NO2 1.6700E-04 2.5189E-05 ppmV
O3 3.5000E-02 1.4492E-07 ppmV
NO3 1.0000E-24 1.2214E-25 ppmV
OH 1.0000E-24 2.0672E-08 ppmV
HO2 1.0000E-24 5.5793E+00 ppmV
H2O2 1.0000E-03 4.4458E+02 ppmV
N2O5 1.0000E-24 2.0072E-29 ppmV
HNO3 5.0016E-05 5.2012E-04 ppmV
HONO 1.3076E-10 4.7010E-04 ppmV
PNA 2.0000E-09 2.0795E-08 ppmV
MEO2 1.0000E-24 2.2281E-17 ppmV
RO2 1.0000E-24 4.3558E+03 ppmV
AACD 1.0001E-06 4.4458E+02 ppmV
CXO3 1.0000E-24 1.1155E+03 ppmV
ALD2 3.0001E-05 4.0679E+03 ppmV
XO2H 1.0000E-24 1.8674E+03 ppmV
FORM 8.0060E+03 9.4390E+03 ppmV
XO2 1.0000E-24 1.9736E+03 ppmV
XO2N 1.0000E-24 5.1485E+02 ppmV
NTR1 1.0000E-24 2.5255E-16 ppmV
NTR2 1.0000E-24 5.0706E-15 ppmV
FACD 1.0001E-06 1.3035E+01 ppmV
CO 8.0000E-02 1.3824E+03 ppmV
ALDX 1.3244E-10 3.0569E+03 ppmV
GLYD 1.0000E-24 2.5570E-15 ppmV
GLY 1.0000E-24 1.9400E-01 ppmV
MGLY 2.5001E-07 5.9756E-01 ppmV
PAR 1.0994E+14 1.0994E+14 ppmV
XPAR 1.0000E-24 1.1055E-15 ppmV
ROR 1.0000E-24 5.0816E-14 ppmV
ETH 1.0994E+14 1.0994E+14 ppmV
IOLE 1.0994E+14 1.0994E+14 ppmV
ISPD 1.0000E-24 2.9938E-16 ppmV
TERP 1.0994E+14 1.0994E+14 ppmV
TRPRXN 1.0000E-24 2.8603E+03 ppmV
CL 1.0000E-24 1.4452E-36 ppmV
FMCL 1.0000E-24 4.8042E-13 ppmV
HCL 1.1991E-12 1.4106E-12 ppmV
H2NO3PIJ 1.0000E-24 1.0426E-22 ppmV
H2NO3PK 1.0000E-24 2.0928E-27 ppmV
AGLYJ 1.0000E-24 1.3925E-04 ppmV
HGIIAER 1.0000E-24 8.3112E-22 ppmV

To answer your question about setting tolerances for the chemical solver, you can do that through environment variables if you compile with the Rosenbrock or Gear solver options:

Synchronization Time Step and Tolerance Options

I have no experience with this, though, and the species concentrations you posted show that something is seriously off.
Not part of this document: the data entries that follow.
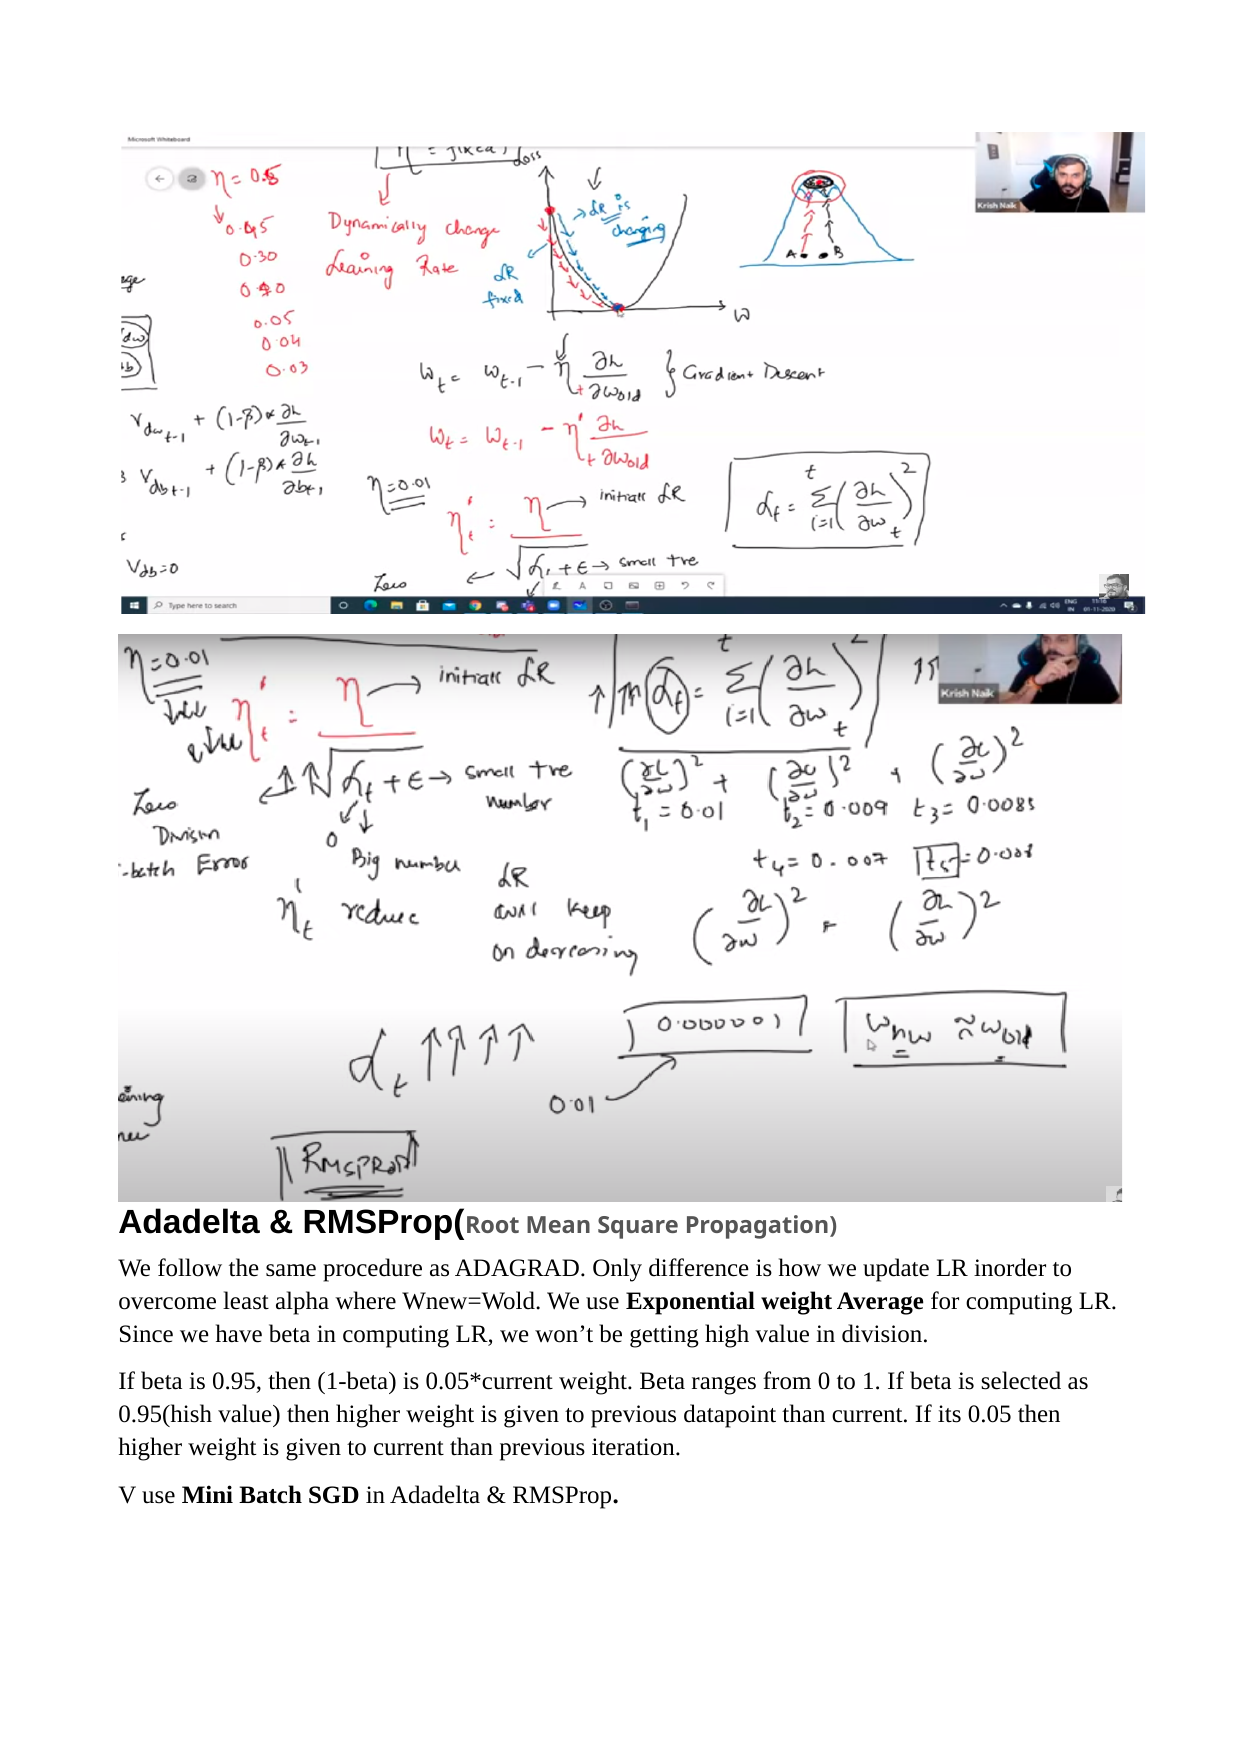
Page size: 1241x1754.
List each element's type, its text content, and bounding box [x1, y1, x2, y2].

picture [118, 634, 1123, 1202]
text We follow the same procedure as ADAGRAD. Only difference is how we update LR inorder to overcome least alpha where Wnew=Wold. We use Exponential weight Average for computing LR. Since we have beta in computing LR, we won’t be getting high value in division. [118, 1253, 1122, 1347]
text V use Mini Batch SGD in Adadelta & RMSProp. [118, 1480, 1122, 1509]
text If beta is 0.95, then (1-beta) is 0.05*current weight. Beta ranges from 0 to 1. If beta is selected as 0.95(hish value) then higher weight is given to previous datapoint than current. If its 0.05 then higher weight is given to current than previous iteration. [118, 1366, 1122, 1461]
subtitle [118, 118, 1122, 634]
subtitle Adadelta & RMSProp(Root Mean Square Propagation) [118, 1202, 1122, 1240]
picture [121, 132, 1146, 614]
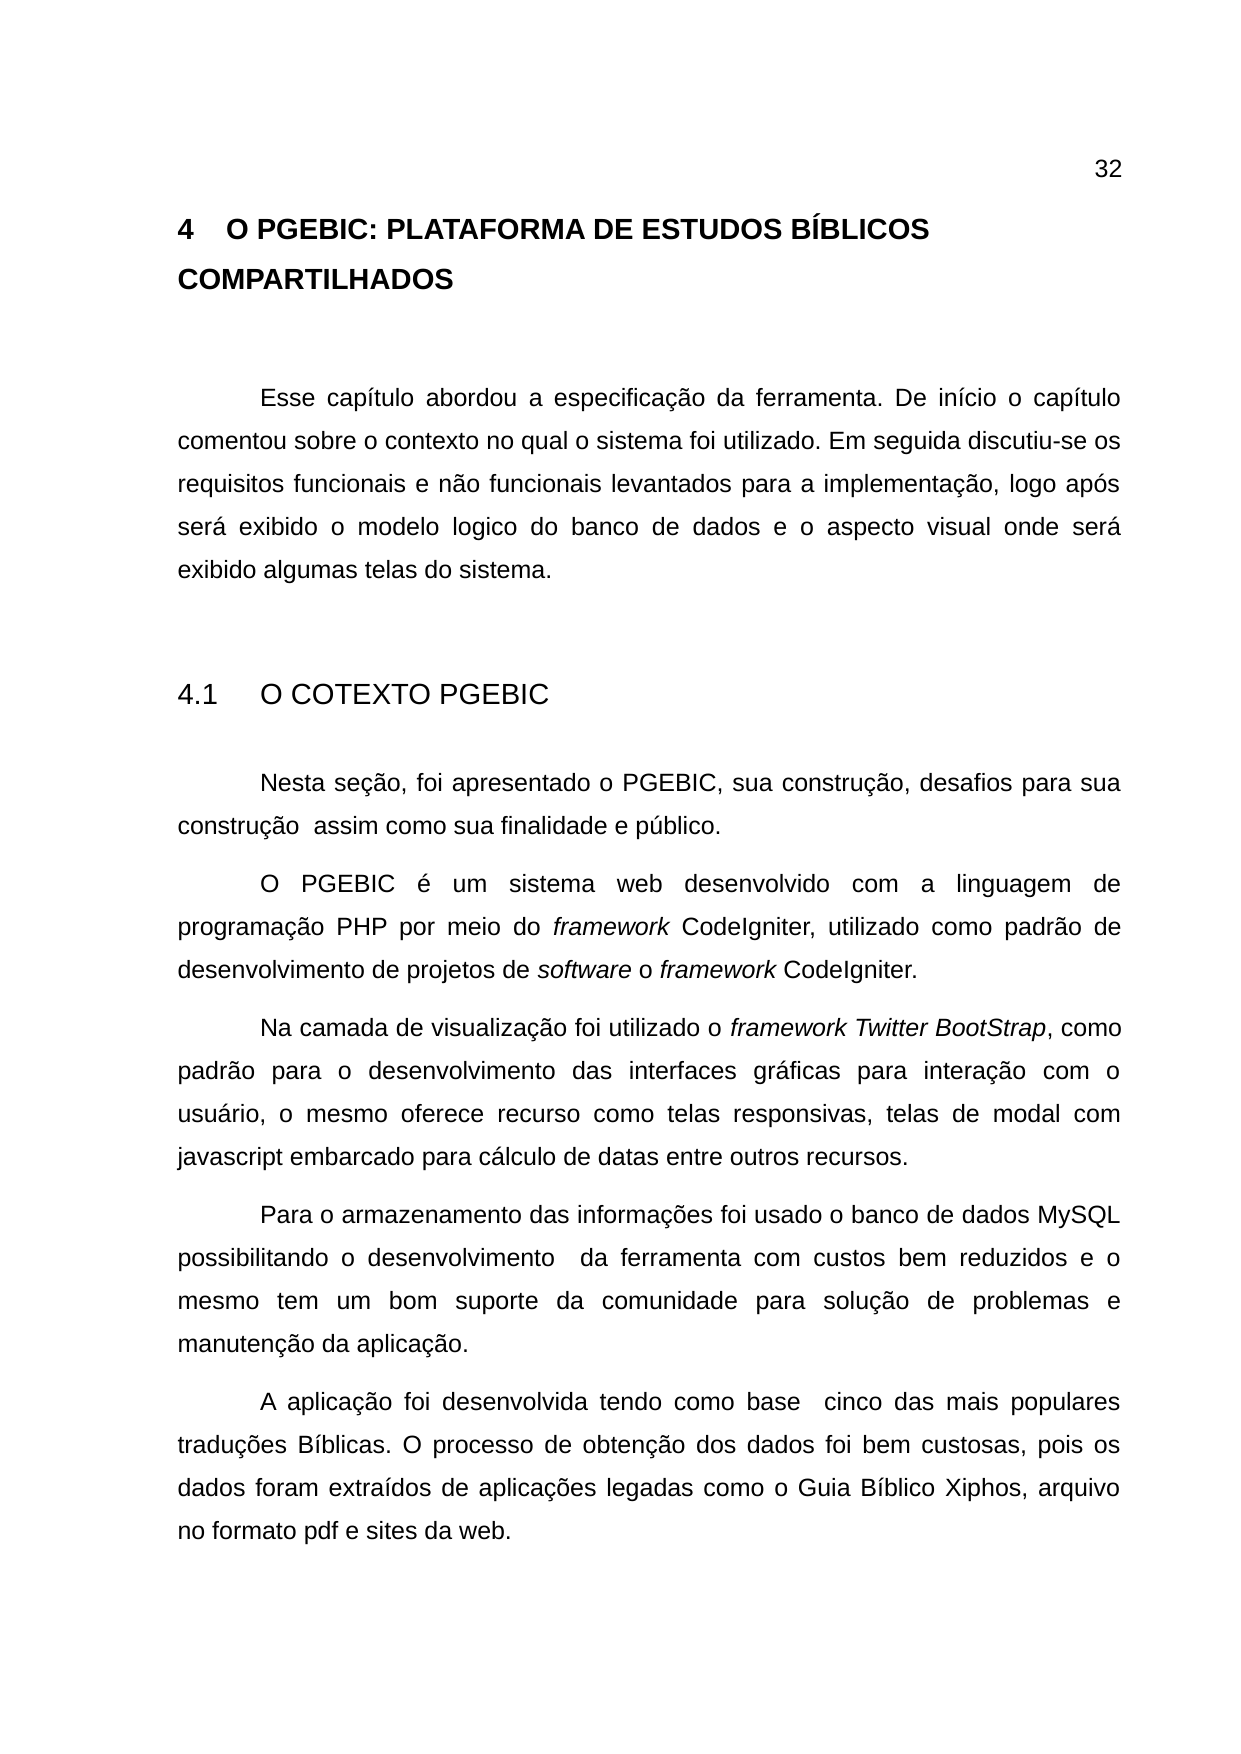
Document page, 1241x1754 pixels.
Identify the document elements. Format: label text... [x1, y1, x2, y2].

Not only do a number of species drop to very low concentrations as you noted, but some other species, mostly radicals, (e.g. H2O2, HO2, RO2, XO2, etc.) show unrealistically high values in the 1-1000 ppm range. Given this, and given that you noted that your only change relative to a previous successful run was in the emission inputs, I’m somewhat doubtful that playing with the tolerances will solve the issue.

They are not unrealistically high values, they are really low values closed to zero (e.g. GLY 1.0000E-24), if I interpret the above error message correctly

And I don’t understand why this error message occurs. For example, “ETH 1.0994E+14 1.0994E+14 ppmV”, but I check the emission input file for both run. The successful run, the emission rate is min=0, max=1.147586 mole/s. The failure run, the emission rate is min=0, max=1.0014681816101074 mole/s

You are correct, many of these species concentrations are unrealistically low, but there are some like the ones I listed as well as ALD2, FORM, CO, PAR, ALDX, ETH, IOLE, and TERP that are significantly higher than they should be.

For some of these species (e.g. CO and TERP), can you compare the average emission rates (not just the min and max) from the m3stat report files created from the two sets of emissions files you are using?